TellTale's decision to kill off most all the characters after every single game

What do you make of TellTale's decision to kill off pretty much their entire cast of characters after every single game? It's not what the show or the comic chose to do. The comic still has four characters around from the first twenty issues of the series (and they had five left until just a couple issues ago). Same with the show. The main thing that keeps people glued into the show despite getting a little tired of the story is that they are able to follow characters that have been around for seasons on end.

I do feel that the quality of the TellTale series would have stayed at a higher level if they had chosen to build their group similar to how the comic and show did instead of just killing everyone off but one and explaining that action by saying well this is just her story.

So what was the reason. Does TellTale just have very limited resources on what they can spend on games and it makes more financial sense for them to bring in new voice actors instead carrying over previous ones where they will start asking for more money to come back?

Or did they really think that continuing to kill off virtually the entire cast of characters and making people get introduced to brand new characters every single game would be better in the long run then carrying over characters that we are already attached to?

Comments

  • edited June 2017

    Get kill Ava and Tripp was pretty stupid, the 2 could have been a great asset in the next seasons !
    I totally think that is stupid to kill every or almost characters each time ; the next episode you won't care relation with others characters because you know they will die except the less interesting

  • Simple. It requires less effort. Continuing to develop characters from the seasons would actually mean Telltale would have to stop being lazy, something, as of late, they've been very determined to be. Its much easier to just keep starting from scratch with a new cast each time.

    Oh, and Telltale heavily rely on just using death as a means for cheap shock value to make up for an otherwise lack of creativity.

  • True but they poorly calculate that too, due how it is hard to create new shape new clothes style for they fit to the personality of each new characters they would have to create.

    OneWayNoWay posted: »

    Simple. It requires less effort. Continuing to develop characters from the seasons would actually mean Telltale would have to stop being laz

  • Game of thrones irked me. They killed the father, and geralt's family. They make you sacrifice asher or rodrik. Mira's options were garbage. Being some douche's plaything or being killed were horrible choices. You couldn't kill ramsay. It seemed like you were completely helpless no matter what with most of the characters you played as. I hate games where you're helpless and you can't kill the bad guys. And when people try to be a passive, do what they're told, and give people chances it doesn't work out. Most youtubers go that route in every telltale game. I want to be able to kill whoever I want and not have someone I spare and am nice to throw me under the bus and or try to kill me but if they do I want to have the option to kill them.

  • edited June 2017

    Totally agree !
    Each time you try to let gabe be killed Javi die too
    But Marianna no, her you can't save her ! tssssss

  • edited June 2017

    I wonder if the reasoning comes down simply to the pros and cons of having a game be interactive. Since this is a game and not a novel or comic book they want to tailor the story in a way that would appease gamers. Gamers like to have fair amount of interactivity and not just sit there and watch things unfold like they would in a book, comic, or tv show. As a result they have created a system where the gamers have some control over the fate of the characters in the game. A consequence though is that it is hard to carry characters over to following games since the player has some control over what happens to characters in the game.

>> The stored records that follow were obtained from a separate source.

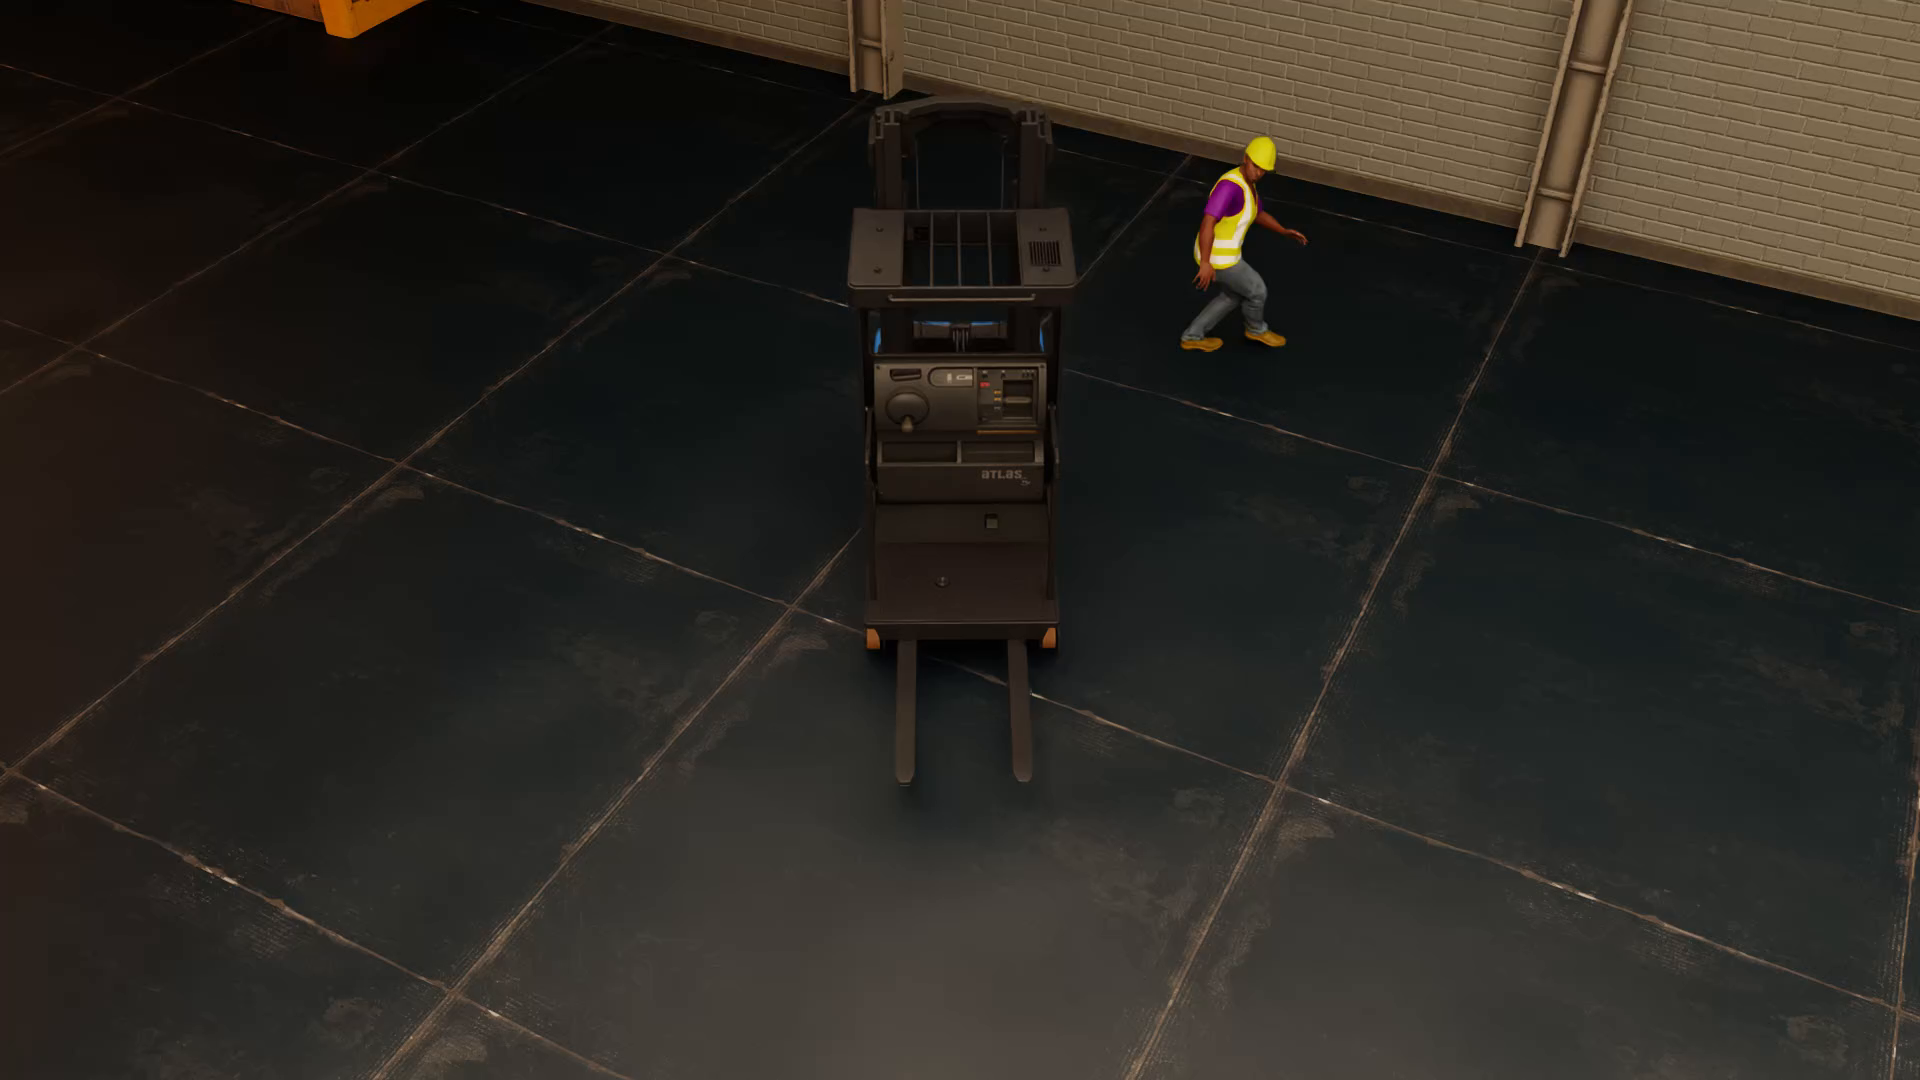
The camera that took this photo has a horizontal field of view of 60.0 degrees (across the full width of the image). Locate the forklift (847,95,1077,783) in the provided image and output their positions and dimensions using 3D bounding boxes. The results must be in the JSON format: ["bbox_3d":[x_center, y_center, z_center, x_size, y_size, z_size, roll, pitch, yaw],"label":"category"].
[{"bbox_3d":[0.006,-0.696,8.812,1.130,2.935,3.031,0,40,0],"label":"forklift"}]

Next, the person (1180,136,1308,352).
[{"bbox_3d":[1.966,-1.928,11.308,0.806,1.599,0.816,2,40,2],"label":"person"}]
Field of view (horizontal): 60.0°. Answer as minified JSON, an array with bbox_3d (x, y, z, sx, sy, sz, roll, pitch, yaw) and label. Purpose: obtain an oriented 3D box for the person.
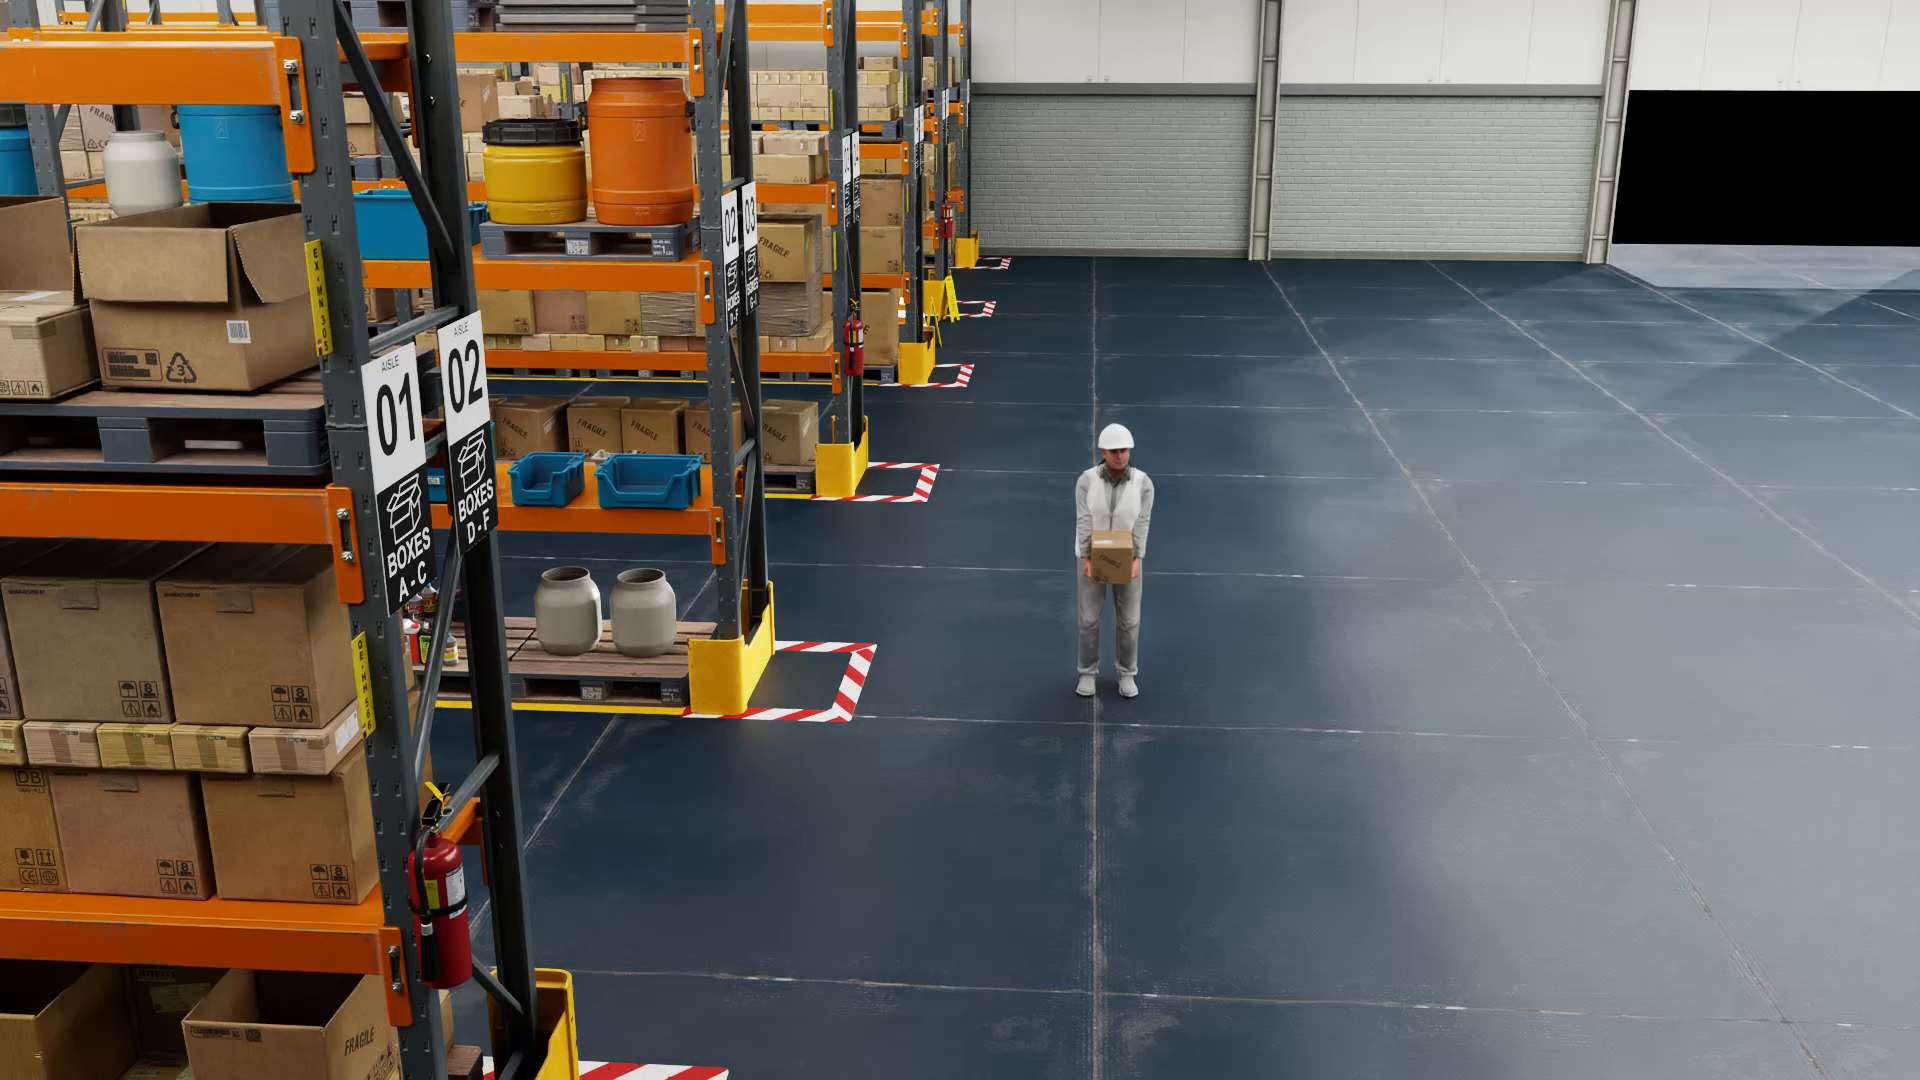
[{"bbox_3d":[0.970,0.149,10.537,0.495,1.772,0.554,1,17,3],"label":"person"}]
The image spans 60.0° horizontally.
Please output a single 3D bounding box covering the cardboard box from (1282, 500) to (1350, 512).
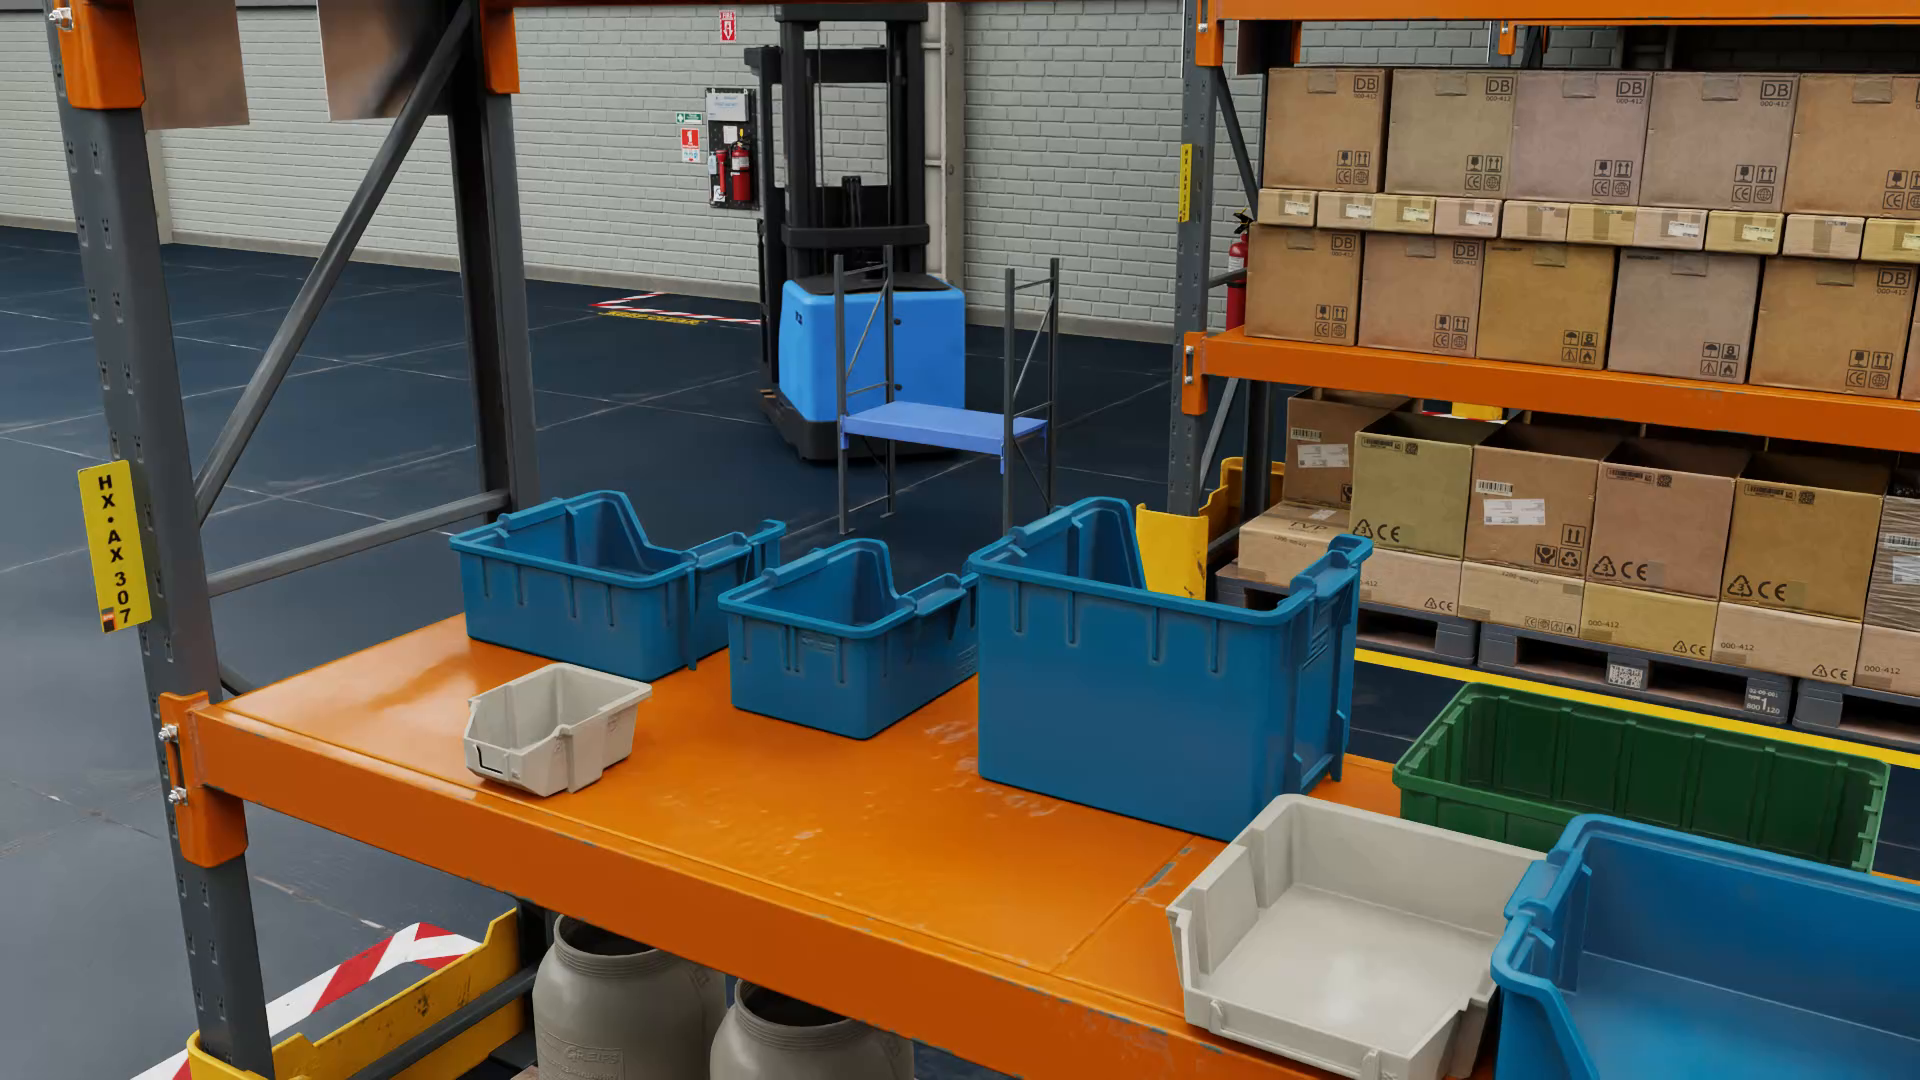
[{"bbox_3d":[1.873,-0.093,8.035,0.500,0.250,0.500,10,20,30],"label":"cardboard box"}]

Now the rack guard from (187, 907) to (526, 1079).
[{"bbox_3d":[-1.244,1.206,4.051,0.348,0.500,1.175,10,20,30],"label":"rack guard"}]

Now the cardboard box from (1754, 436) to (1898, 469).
[{"bbox_3d":[3.587,-0.152,6.939,0.500,0.500,0.500,10,20,30],"label":"cardboard box"}]

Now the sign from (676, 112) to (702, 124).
[{"bbox_3d":[-2.716,-4.227,16.662,0.331,0.109,0.001,10,20,30],"label":"sign"}]

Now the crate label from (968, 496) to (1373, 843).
[{"bbox_3d":[0.376,0.206,2.981,0.616,0.435,0.502,10,20,30],"label":"crate label"}]

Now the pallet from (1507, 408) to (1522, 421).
[{"bbox_3d":[4.590,-0.965,11.696,1.213,0.211,1.003,10,20,30],"label":"pallet"}]

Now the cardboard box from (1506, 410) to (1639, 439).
[{"bbox_3d":[2.734,-0.304,7.439,0.500,0.500,0.500,10,20,30],"label":"cardboard box"}]

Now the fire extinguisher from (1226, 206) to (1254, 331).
[{"bbox_3d":[1.404,-1.312,8.173,0.183,0.674,0.296,10,20,30],"label":"fire extinguisher"}]

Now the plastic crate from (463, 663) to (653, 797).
[{"bbox_3d":[-0.739,0.352,3.015,0.250,0.136,0.298,10,20,30],"label":"plastic crate"}]

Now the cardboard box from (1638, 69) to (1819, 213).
[{"bbox_3d":[3.006,-1.571,6.489,0.500,0.500,0.700,10,20,30],"label":"cardboard box"}]

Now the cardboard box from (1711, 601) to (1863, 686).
[{"bbox_3d":[3.306,0.340,6.610,0.500,0.250,0.500,10,20,30],"label":"cardboard box"}]

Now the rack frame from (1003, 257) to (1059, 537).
[{"bbox_3d":[0.360,-0.653,8.451,0.032,1.500,0.500,10,20,30],"label":"rack frame"}]

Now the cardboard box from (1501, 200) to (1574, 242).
[{"bbox_3d":[2.364,-1.305,6.727,0.250,0.149,0.380,9,19,28],"label":"cardboard box"}]

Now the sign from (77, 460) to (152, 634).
[{"bbox_3d":[-1.625,0.013,3.200,0.005,0.325,0.100,10,20,30],"label":"sign"}]

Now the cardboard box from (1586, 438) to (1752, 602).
[{"bbox_3d":[2.879,-0.095,6.750,0.500,0.500,0.500,10,20,30],"label":"cardboard box"}]

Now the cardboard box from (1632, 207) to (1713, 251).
[{"bbox_3d":[2.793,-1.227,6.473,0.250,0.149,0.380,10,20,31],"label":"cardboard box"}]

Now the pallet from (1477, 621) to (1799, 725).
[{"bbox_3d":[2.971,0.410,7.169,1.213,0.211,1.003,10,20,30],"label":"pallet"}]

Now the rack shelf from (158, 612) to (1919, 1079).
[{"bbox_3d":[0.371,0.659,2.790,4.000,0.370,1.077,10,20,30],"label":"rack shelf"}]

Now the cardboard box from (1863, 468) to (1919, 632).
[{"bbox_3d":[3.741,0.053,6.264,0.500,0.500,0.500,10,20,30],"label":"cardboard box"}]

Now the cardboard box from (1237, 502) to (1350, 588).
[{"bbox_3d":[1.602,0.035,7.613,0.500,0.250,0.500,10,20,30],"label":"cardboard box"}]

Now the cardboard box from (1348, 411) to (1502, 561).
[{"bbox_3d":[2.029,-0.248,7.255,0.500,0.500,0.500,10,20,30],"label":"cardboard box"}]

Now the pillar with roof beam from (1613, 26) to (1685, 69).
[{"bbox_3d":[2.647,-4.356,7.737,0.400,9.000,9.100,10,20,30],"label":"pillar with roof beam"}]

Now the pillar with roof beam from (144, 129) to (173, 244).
[{"bbox_3d":[-12.691,-7.094,16.751,0.400,9.000,9.100,10,20,30],"label":"pillar with roof beam"}]

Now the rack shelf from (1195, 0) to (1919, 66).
[{"bbox_3d":[2.966,-2.003,6.391,4.000,0.370,1.077,10,20,30],"label":"rack shelf"}]

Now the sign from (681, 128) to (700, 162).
[{"bbox_3d":[-2.715,-3.976,16.748,0.234,0.329,0.001,10,20,30],"label":"sign"}]

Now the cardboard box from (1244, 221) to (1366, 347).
[{"bbox_3d":[1.653,-1.190,7.465,0.500,0.500,0.700,10,20,30],"label":"cardboard box"}]

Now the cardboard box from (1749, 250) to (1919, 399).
[{"bbox_3d":[3.411,-0.877,6.437,0.500,0.500,0.700,10,20,31],"label":"cardboard box"}]

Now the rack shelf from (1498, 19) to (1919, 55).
[{"bbox_3d":[5.555,-3.230,10.432,4.000,0.370,1.077,10,20,30],"label":"rack shelf"}]

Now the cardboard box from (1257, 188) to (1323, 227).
[{"bbox_3d":[1.484,-1.461,7.243,0.250,0.149,0.380,10,20,30],"label":"cardboard box"}]

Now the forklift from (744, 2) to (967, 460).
[{"bbox_3d":[-0.836,-2.284,11.358,1.130,2.935,3.031,-5,17,-15],"label":"forklift"}]

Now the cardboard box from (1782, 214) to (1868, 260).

    Maybe it would have been better to just allow the player to get their interactivity fixes in other ways outside of the story. For instance in Last of Us the player doesn't have any control over the story but there are a lot of custom options in the gameplay.

  • edited June 2017

    well that s because he cant die there because he was still alive in the show and Books at that time.
    And you known that telltale cannot alter the source material.

  • True, but we just can't compare.
    The last of us was amazing from every corner.
    The story, the design, the characters everything was done like a movie.
    I loved it!!
    But the point of telltale was to make you feel, believe that's your own story.

    sony12 posted: »

    I wonder if the reasoning comes down simply to the pros and cons of having a game be interactive. Since this is a game and not a novel or co

  • S1: smaller ratio of dead major characters and more impactful, paved the way for Lee's final moments
    S2 onwards: shrug

  • The problem is Telltale doesn't do much with characters you can potentially save, although they improved upon this with Conrad this season he felt more like an ongoing achievement than an actual character by Episode 4 and 5, it like he pops up you have to save him and that's it. No rewarding payoff for it.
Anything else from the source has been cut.